=== Section Start ===
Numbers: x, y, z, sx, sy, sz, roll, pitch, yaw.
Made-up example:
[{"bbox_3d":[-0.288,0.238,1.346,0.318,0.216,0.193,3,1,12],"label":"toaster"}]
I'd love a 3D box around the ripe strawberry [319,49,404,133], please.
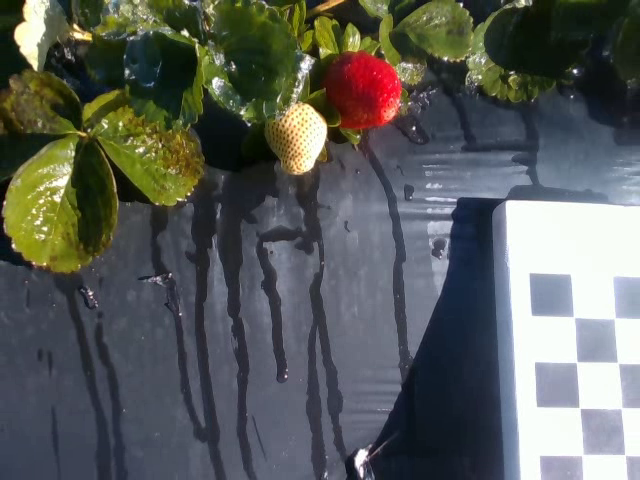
[{"bbox_3d":[0.028,-0.073,0.330,0.042,0.046,0.061,-12,39,-7],"label":"ripe strawberry"}]
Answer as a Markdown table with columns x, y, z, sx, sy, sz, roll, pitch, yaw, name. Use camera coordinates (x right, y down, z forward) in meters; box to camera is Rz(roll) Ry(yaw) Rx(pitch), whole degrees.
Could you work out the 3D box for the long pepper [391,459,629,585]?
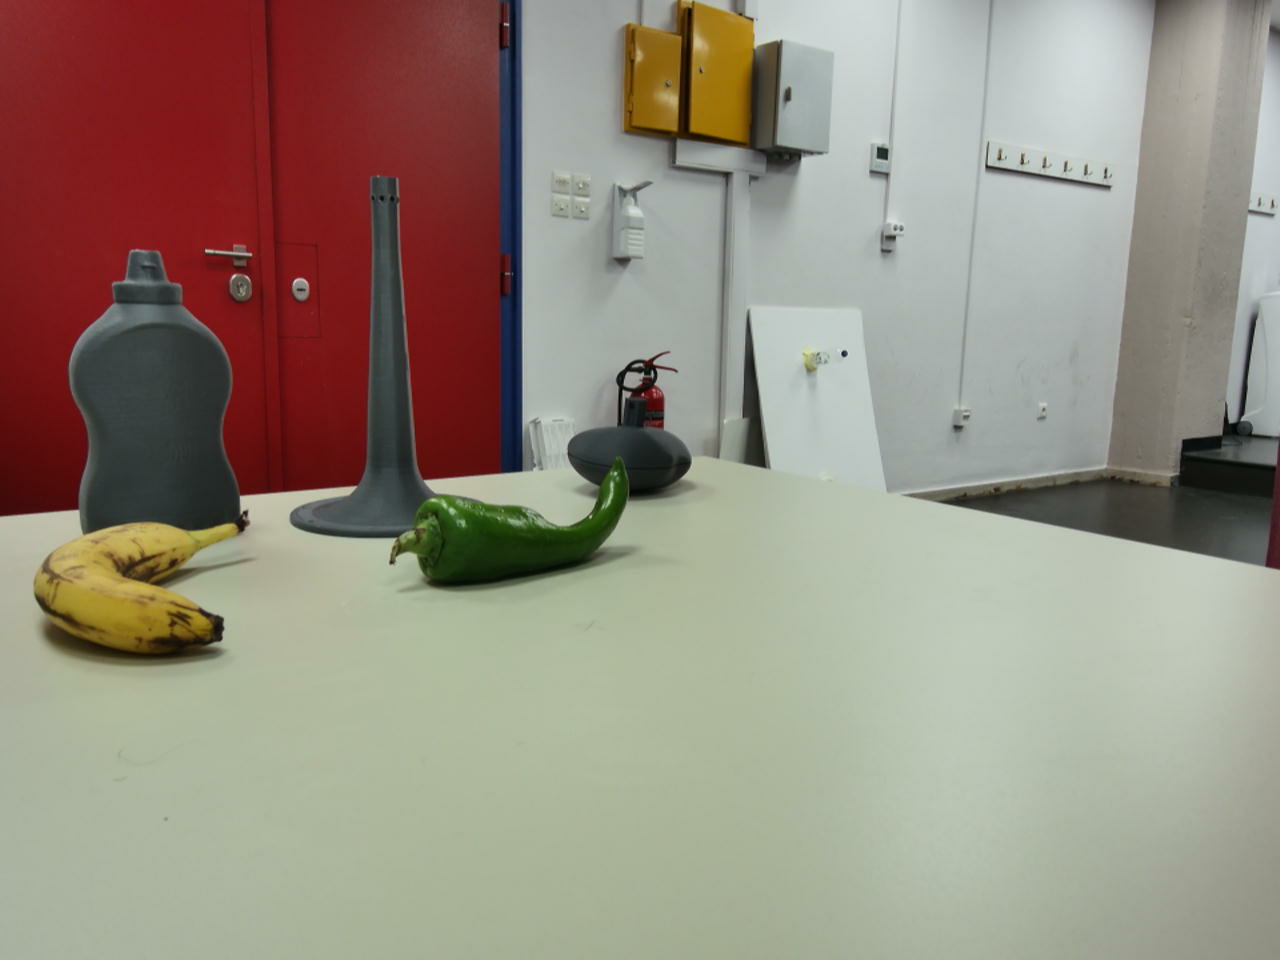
| x | y | z | sx | sy | sz | roll | pitch | yaw | name |
| --- | --- | --- | --- | --- | --- | --- | --- | --- | --- |
| -0.072 | 0.025 | 0.615 | 0.175 | 0.065 | 0.058 | -6 | 9 | -38 | long pepper |
=== Section End ===
- EXERCISE
Every entry above needs to be copied exactly, apart from its pictures.

- ANSWER SECTION
Numbers: x, y, z, sx, sy, sz, roll, pitch, yaw.
Made-up example:
[{"bbox_3d":[-0.288,0.238,1.346,0.318,0.216,0.193,3,1,12],"label":"toaster"}]
I'd love a 3D box around the ripe strawberry [319,49,404,133], please.
[{"bbox_3d":[0.028,-0.073,0.330,0.042,0.046,0.061,-12,39,-7],"label":"ripe strawberry"}]
Answer as a Markdown table with columns x, y, z, sx, sy, sz, roll, pitch, yaw, name. Use camera coordinates (x right, y down, z forward) in meters; box to camera is Rz(roll) Ry(yaw) Rx(pitch), whole degrees.
Could you work out the 3D box for the long pepper [391,459,629,585]?
| x | y | z | sx | sy | sz | roll | pitch | yaw | name |
| --- | --- | --- | --- | --- | --- | --- | --- | --- | --- |
| -0.072 | 0.025 | 0.615 | 0.175 | 0.065 | 0.058 | -6 | 9 | -38 | long pepper |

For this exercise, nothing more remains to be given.